How to Begin Tracking Your Fitness
If you want to explore fitness monitoring but don’t have a wearable, start with a mobile app that counts your steps. This method involves minimal to no expenditure and may be appealing to beginners. Map My Fitness is our top pick for folks who are just starting started with fitness. It allows you to track hundreds of activities, ranging from vacuuming to rock climbing.

If you run or ride a bike, we recommend using an app to track your runs or rides before investing in a tracker. Why? Some trackers require you to carry your phone to obtain precise pace, distance, and mapping, so you’ll want to know before you buy if you’re okay with having your phone or if you’d prefer a tracker with built-in GPS that doesn’t require you to. Runkeeper (for running), Cyclemeter (for riding), and Strava are a few apps we recommend (for both running and cycling).

Photograph of a woman wearing a Fitbit Versa 3.
Versa 3 Fitbit
Another fascinating option for bikers is the Coros SafeSound Helmet, which incorporates your phone’s GPS to track your rides and employs bone-conduction audio to enable you to hear directions, music, and phone calls without covering your ears.

What Should You Pay for a Fitness Tracker?
Fitness trackers can cost anywhere between $25 and $400 or more. Some less-priced trackers don’t have a display, so you have to glance at your smartphone to see how many steps you’ve taken.

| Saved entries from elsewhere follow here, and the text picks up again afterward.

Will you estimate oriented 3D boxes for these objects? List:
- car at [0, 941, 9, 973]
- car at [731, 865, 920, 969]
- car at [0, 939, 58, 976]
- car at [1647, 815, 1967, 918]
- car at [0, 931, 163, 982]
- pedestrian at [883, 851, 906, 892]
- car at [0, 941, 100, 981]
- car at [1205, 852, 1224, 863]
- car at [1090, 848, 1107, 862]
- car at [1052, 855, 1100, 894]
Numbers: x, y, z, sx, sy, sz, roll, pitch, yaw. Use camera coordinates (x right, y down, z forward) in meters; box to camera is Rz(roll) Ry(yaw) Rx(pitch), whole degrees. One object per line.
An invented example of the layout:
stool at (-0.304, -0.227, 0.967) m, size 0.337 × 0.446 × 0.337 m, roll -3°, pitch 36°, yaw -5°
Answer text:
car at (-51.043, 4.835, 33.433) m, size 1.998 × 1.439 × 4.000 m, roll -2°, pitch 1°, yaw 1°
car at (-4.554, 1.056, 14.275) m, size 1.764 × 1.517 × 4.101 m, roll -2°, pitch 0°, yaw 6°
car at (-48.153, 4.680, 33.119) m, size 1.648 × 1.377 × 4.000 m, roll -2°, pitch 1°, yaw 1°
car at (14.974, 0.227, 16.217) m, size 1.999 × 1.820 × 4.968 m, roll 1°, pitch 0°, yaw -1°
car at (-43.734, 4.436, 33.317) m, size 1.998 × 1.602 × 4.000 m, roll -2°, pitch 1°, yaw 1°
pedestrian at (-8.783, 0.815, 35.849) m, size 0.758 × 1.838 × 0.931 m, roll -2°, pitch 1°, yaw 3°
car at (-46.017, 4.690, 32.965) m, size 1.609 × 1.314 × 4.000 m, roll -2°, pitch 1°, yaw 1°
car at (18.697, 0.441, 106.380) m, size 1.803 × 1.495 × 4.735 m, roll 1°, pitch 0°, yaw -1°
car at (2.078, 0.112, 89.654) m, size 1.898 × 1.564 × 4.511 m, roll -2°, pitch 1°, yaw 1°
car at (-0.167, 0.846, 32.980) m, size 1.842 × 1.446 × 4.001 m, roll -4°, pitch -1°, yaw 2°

More expensive trackers typically contain optical heart rate monitors and GPS, and these capabilities are frequently geared toward athletes and fitness enthusiasts. If your primary activity is walking, don’t get suckered into purchasing an expensive tracker. If you only walk and don’t do much else, there are plenty of excellent solutions in the $25 to $99 price range. If you work out frequently and want a lot of fitness-tracking choices, we recommend investing at least $99, as that’s when you’ll start to see the capabilities that are valuable to active people.

3.0 Whoop Strap
3.0 Whoop Strap
Most fitness trackers require a one-time payment for the device and then provide all the related software functions for free. The Whoop Strap 3.0 is priced differently. Whoop provides its essential black wristband for free with the purchase of a membership that grants access to its app. Whoop justifies its continued membership payments by providing convenient features like COVID-19 tracking through regular app updates.

Amazon’s Halo wristband takes a similar technique. The tracker itself costs $99.99, and the majority of its services cost $3.99 a month (after a six-month trial).

Select Your Tracker Style
The type of form factor you want is an important thing to ask yourself before purchasing a fitness tracker. Most are worn on the wrist these days, however, clip-ons and fitness-tracking rings are available. Bracelets and watches are difficult to lose. Clip-ons can slip off or get thrown in the washing machine.

See How We Test Fitness TrackersFor more information, see How We Test Fitness Trackers.

Charge 5 Fitbit
Bracelets and watches, on the other hand, can get in the way when typing on a computer or sleeping, for example. If having something on your wrist bothers you, you’re generally better off with a clip-on, but this style isn’t as popular as it once was. Fitbit sells a clip for the low-cost Inspire 2 if you’re interested in this alternative.

Meanwhile, the Oura Ring provides health tracking to your fingertips. The Oura’s workout tracking capabilities are very rudimentary when compared to a wrist-worn counterpart. Still, it offers extensive sleep tracking and is more comfortable to wear to bed than a watch or bracelet, making it an intriguing alternative.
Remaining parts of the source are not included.